0 | 1 | 2 | 3 | 4 | 5 | 6 | 7 | 8 | 9 | |
---|---|---|---|---|---|---|---|---|---|---|

0 | 2258 | 1 | 4 | 1 | 2 | 2 | 3 | 1 | 4 | 2 |

1 | 1 | 2566 | 9 | 1 | 1 | 0 | 0 | 7 | 3 | 0 |

2 | 4 | 1 | 2280 | 5 | 4 | 0 | 1 | 9 | 8 | 2 |

3 | 0 | 0 | 14 | 2304 | 1 | 13 | 0 | 6 | 8 | 2 |

4 | 2 | 2 | 2 | 0 | 2183 | 0 | 7 | 5 | 0 | 10 |

5 | 4 | 0 | 0 | 16 | 3 | 2026 | 12 | 1 | 4 | 3 |

6 | 7 | 5 | 3 | 0 | 5 | 2 | 2245 | 0 | 4 | 0 |

7 | 1 | 6 | 11 | 2 | 5 | 1 | 0 | 2373 | 5 | 13 |

8 | 3 | 9 | 4 | 9 | 4 | 10 | 2 | 3 | 2166 | 5 |

9 | 3 | 2 | 2 | 6 | 19 | 6 | 0 | 12 | 10 | 2329 |

- Accuracy: 98.40%
- Error: 1.60%

Looks pretty good to me.
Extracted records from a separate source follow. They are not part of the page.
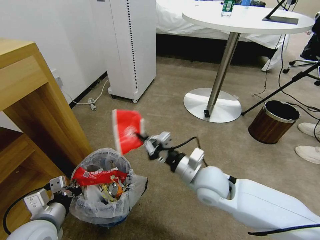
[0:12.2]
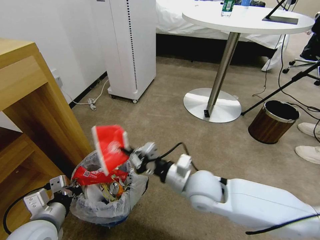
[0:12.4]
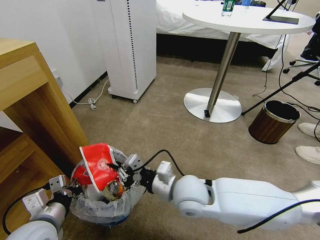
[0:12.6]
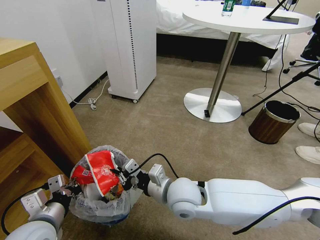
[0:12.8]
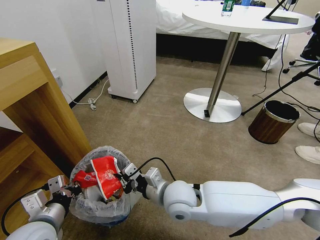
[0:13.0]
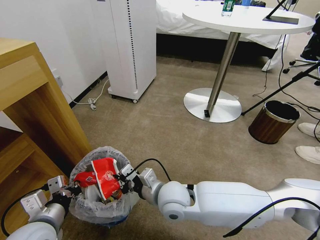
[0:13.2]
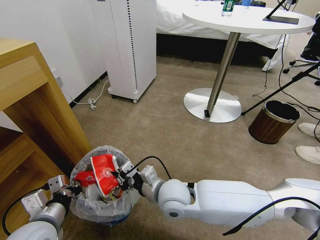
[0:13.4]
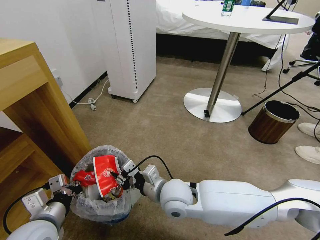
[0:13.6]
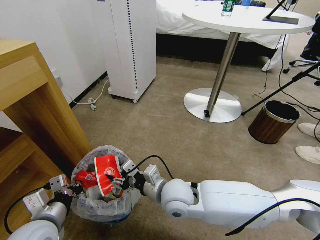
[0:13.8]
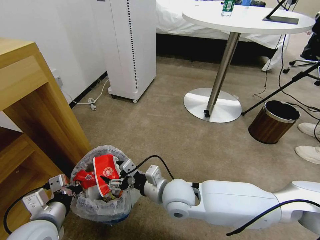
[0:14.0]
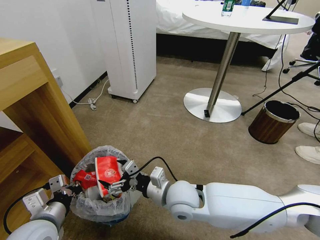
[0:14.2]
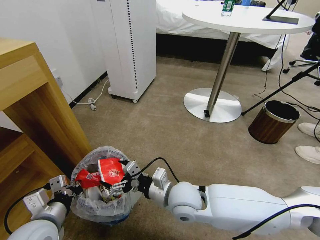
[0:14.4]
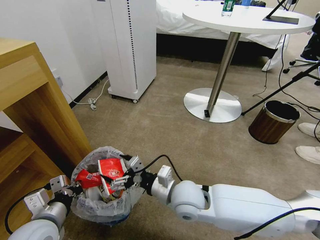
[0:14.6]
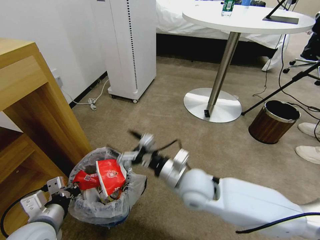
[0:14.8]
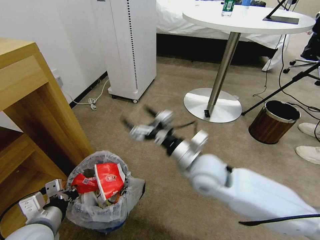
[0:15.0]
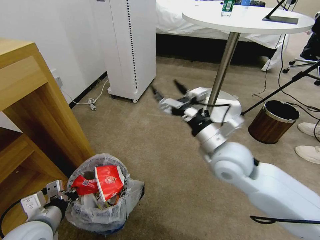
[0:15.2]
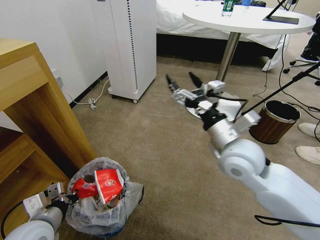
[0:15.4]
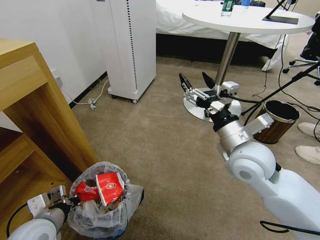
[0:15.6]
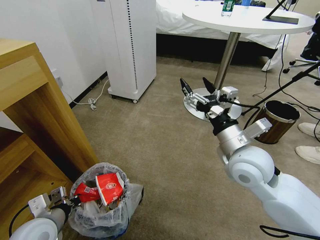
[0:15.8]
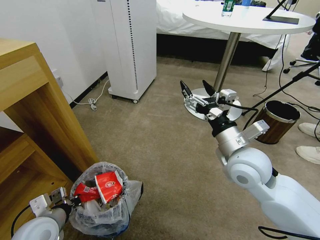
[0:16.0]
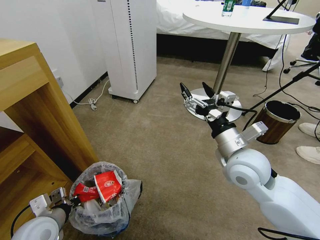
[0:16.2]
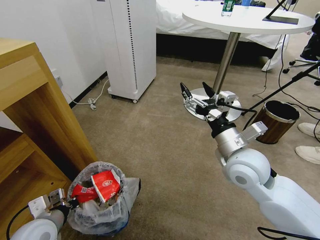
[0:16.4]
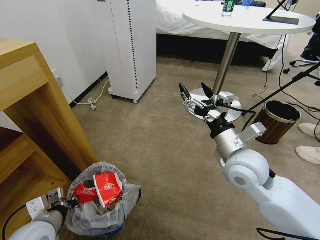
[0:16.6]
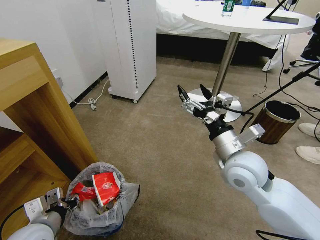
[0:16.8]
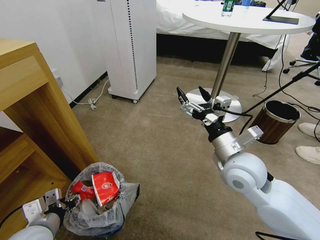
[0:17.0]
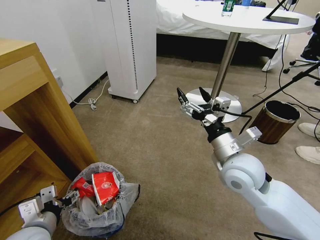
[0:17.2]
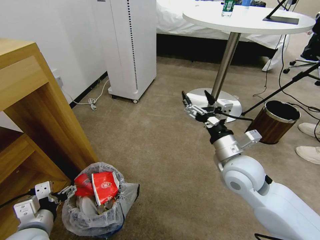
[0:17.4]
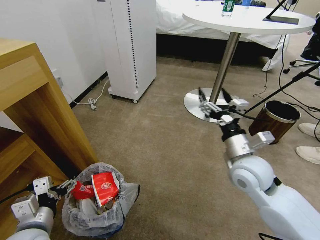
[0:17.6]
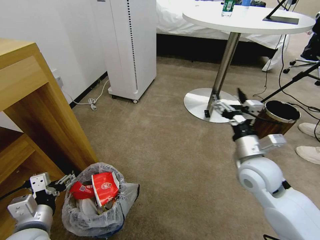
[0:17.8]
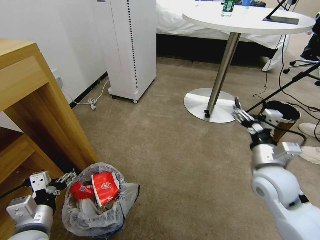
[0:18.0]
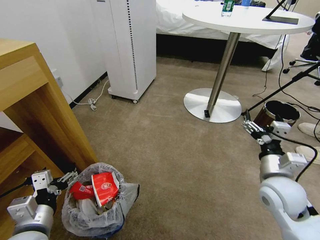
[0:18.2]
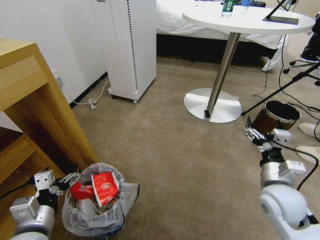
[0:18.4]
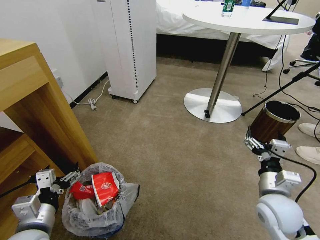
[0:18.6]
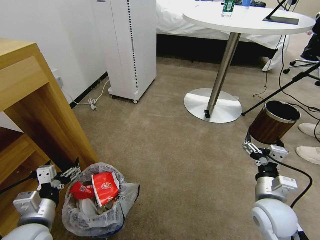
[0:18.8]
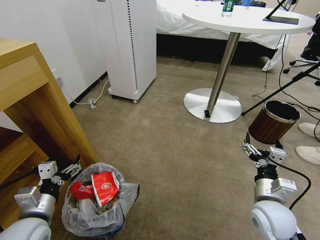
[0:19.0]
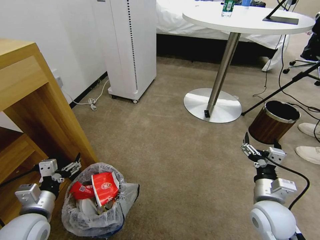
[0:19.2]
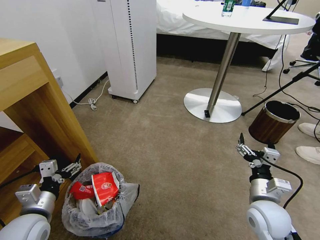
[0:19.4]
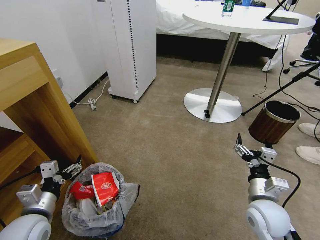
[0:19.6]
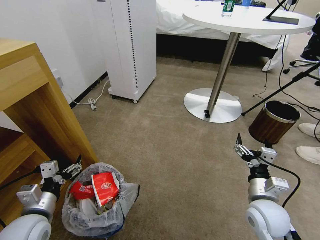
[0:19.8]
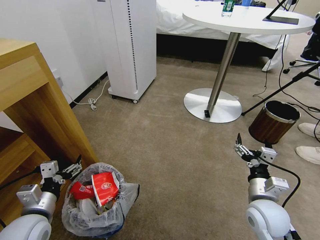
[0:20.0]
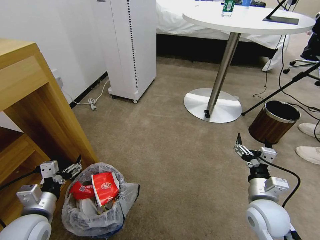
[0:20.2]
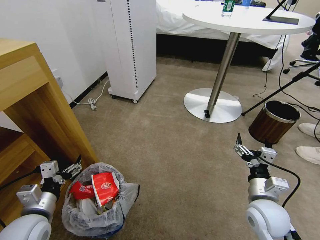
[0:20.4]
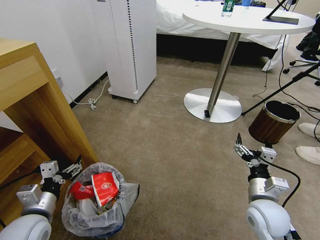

However, note that there are much better results. The best on the official website has an error of 0.23% and is a committee of 35 convolutional neural networks.

The best SVM I could find has an error of 0.56% and applies a polynomial kernel of degree 9 as well as some preprocessing.

## References

- [Smi04] B. T. Smith, “Lagrange multipliers tutorial in the context of support vector machines,” Memorial University of Newfoundland St. John’s, Newfoundland, Canada, Jun. 2004.
- [Bur98] C. J. Burges, “A tutorial on support vector machines for pattern recognition”, Data mining and knowledge discovery, vol. 2, no. 2, pp. 121–167, 1998.